Google and Factual Struggle to Define the Data Marketplace

This week, Google and Factual announced features that will extend and enrich their existing big data offerings. Along with O’Reilly’s Strata Conference earlier this month (and GigaOM’s Structure Big Data conference next month), the recent news suggests that the big data marketplace is growing increasingly complex as startups and established IT companies struggle to control it’s future.

In 2007, Google acquired Gapminder. The company’s software, now Google Public Data Explorer, was designed to make visualizing complex data easier, and included access to a finite set of “useful” official data from institutions such as the World Bank. Earlier this week, Google added the capability to upload new datasets for visualization. Google, of course, has a knack for taking existing capabilities and pushing them to large new audiences.

Perhaps more significantly, Google also this week released a new format for encoding and describing data sets. The Dataset Publishing Language (DSPL) enables data owners to describe structure within their data (“continents” contain “countries”), and takes some rudimentary steps toward encouraging the linking of structures and concepts between data sets.

Factual, meanwhile, is concerned with gathering specific types of data from multiple sources, amalgamating, and then making the whole available to third party applications via APIs. Probably best known for its location-based data (used to power Facebook Places in the UK and Japan, for example), this week’s announcement sees the company add richness and breadth to that data set.

As data volumes continue to grow, new and existing companies scramble to understand and service a new set of requirements. Perhaps the easiest requirements to understand are those around sharing (or selling) collected data and finding data shared (or sold) by third parties. To borrow from the loose taxonomy proposed in a Strata Conference presentation by Stratus Security CEO Pete Soderling and BuzzData co-founder Pete Forde, solutions in this space look a lot like online mail order catalogs. They gather short descriptions for large numbers of products (the data sets) and make them straightforward to acquire from a single source. Examples include Infochimps and Microsoft’s Dallas, now renamed the Windows Azure Marketplace DataMarket. The big Open Government Data initiatives in the U.S., the UK and elsewhere around the world also fall into this category, although the open licensing of their data means that it will be found sitting behind almost every data marketplace across the web.

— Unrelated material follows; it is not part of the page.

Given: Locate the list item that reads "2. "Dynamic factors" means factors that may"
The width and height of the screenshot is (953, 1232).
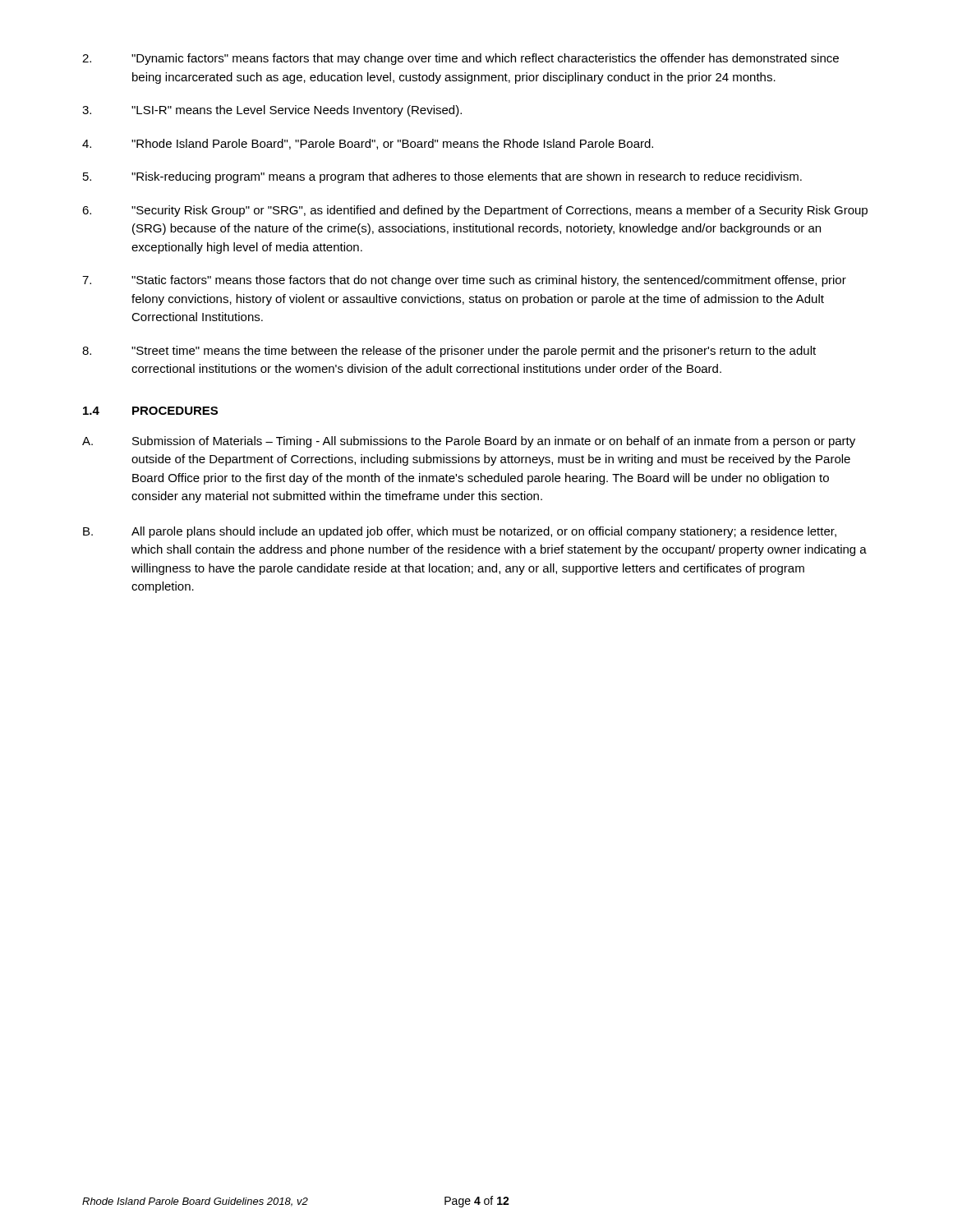Looking at the screenshot, I should 476,68.
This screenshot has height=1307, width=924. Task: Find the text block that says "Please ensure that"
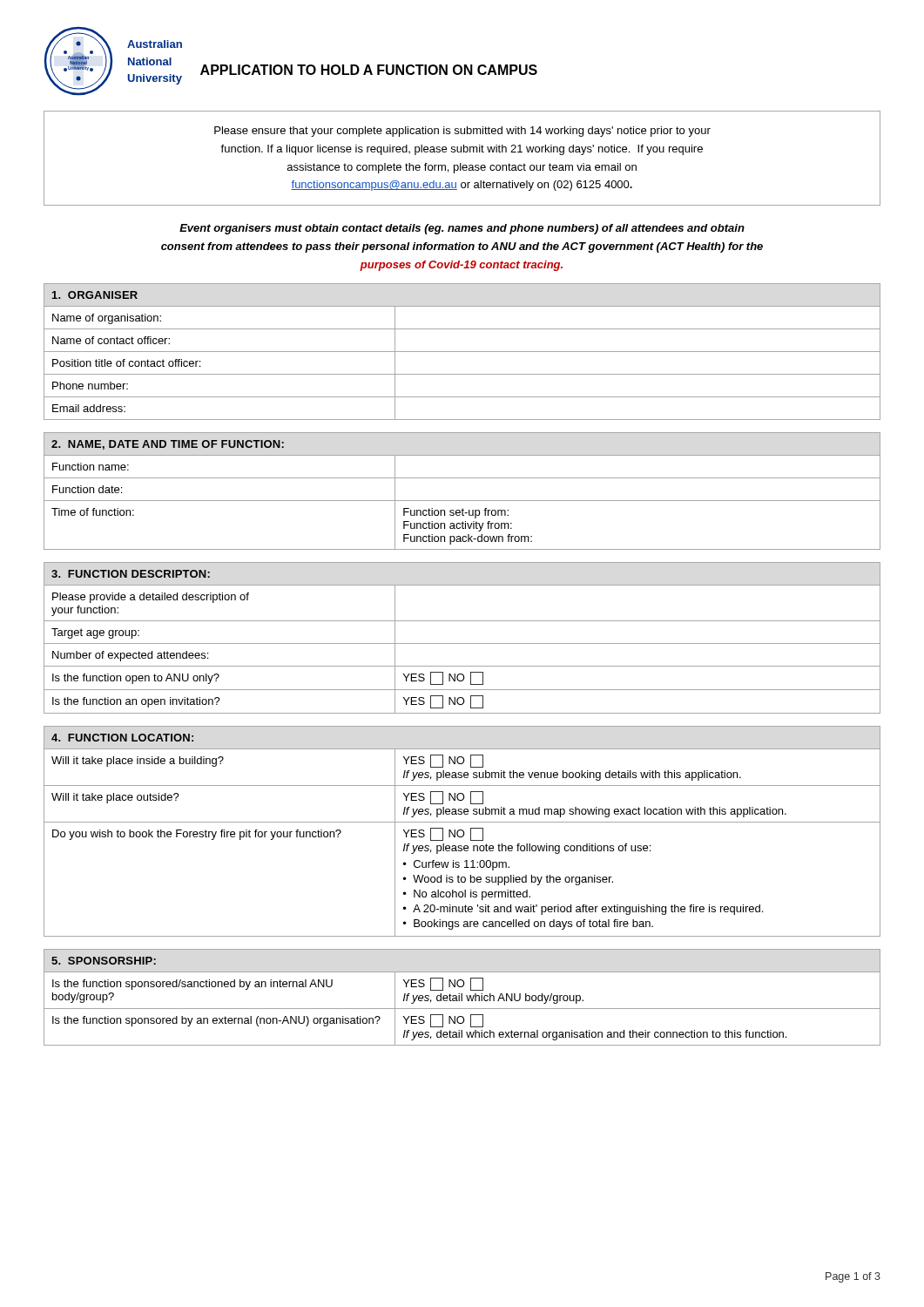point(462,157)

Also relatively straightforward is the requirement to visualize and manipulate data, and Google, Many Eyes, Impure and Timetric are some of the most visible examples of this type. Visualization is typically the point of these applications, rather than an afterthought.

Matters become far more complex when you want to start combining different data sets, even within a single data marketplace. Typically, it’s not what these services are designed for, and typically, there is insufficient metadata to enable sensible combinations. For example, “height” of buildings in one data set combined with “height” of, say, trees or mountains in another is a recipe for disaster if one is measured in feet and the other in meters. Without knowledge of the units used, the newly combined data set is worthless — and, possibly, dangerously misleading. Factual is already doing some of the work to tidy data that it collects, but Google’s DSPL is an interesting example of encouraging data owners to make these things explicit themselves.

If data marketplaces are to realize their full potential, they need to demonstrate the power of combining data drawn from different sources; from internal enterprise systems, Open Government repositories and the pages of the catalogs. With Google clearly approaching the problem from one end, and a number of rather stealthy escapees from the world of the Semantic Web coming at it from the other, it will be fascinating to see which is first to deliver a compelling — and usable — solution.

Question of the week

Would you rely upon data sourced from one of these data marts?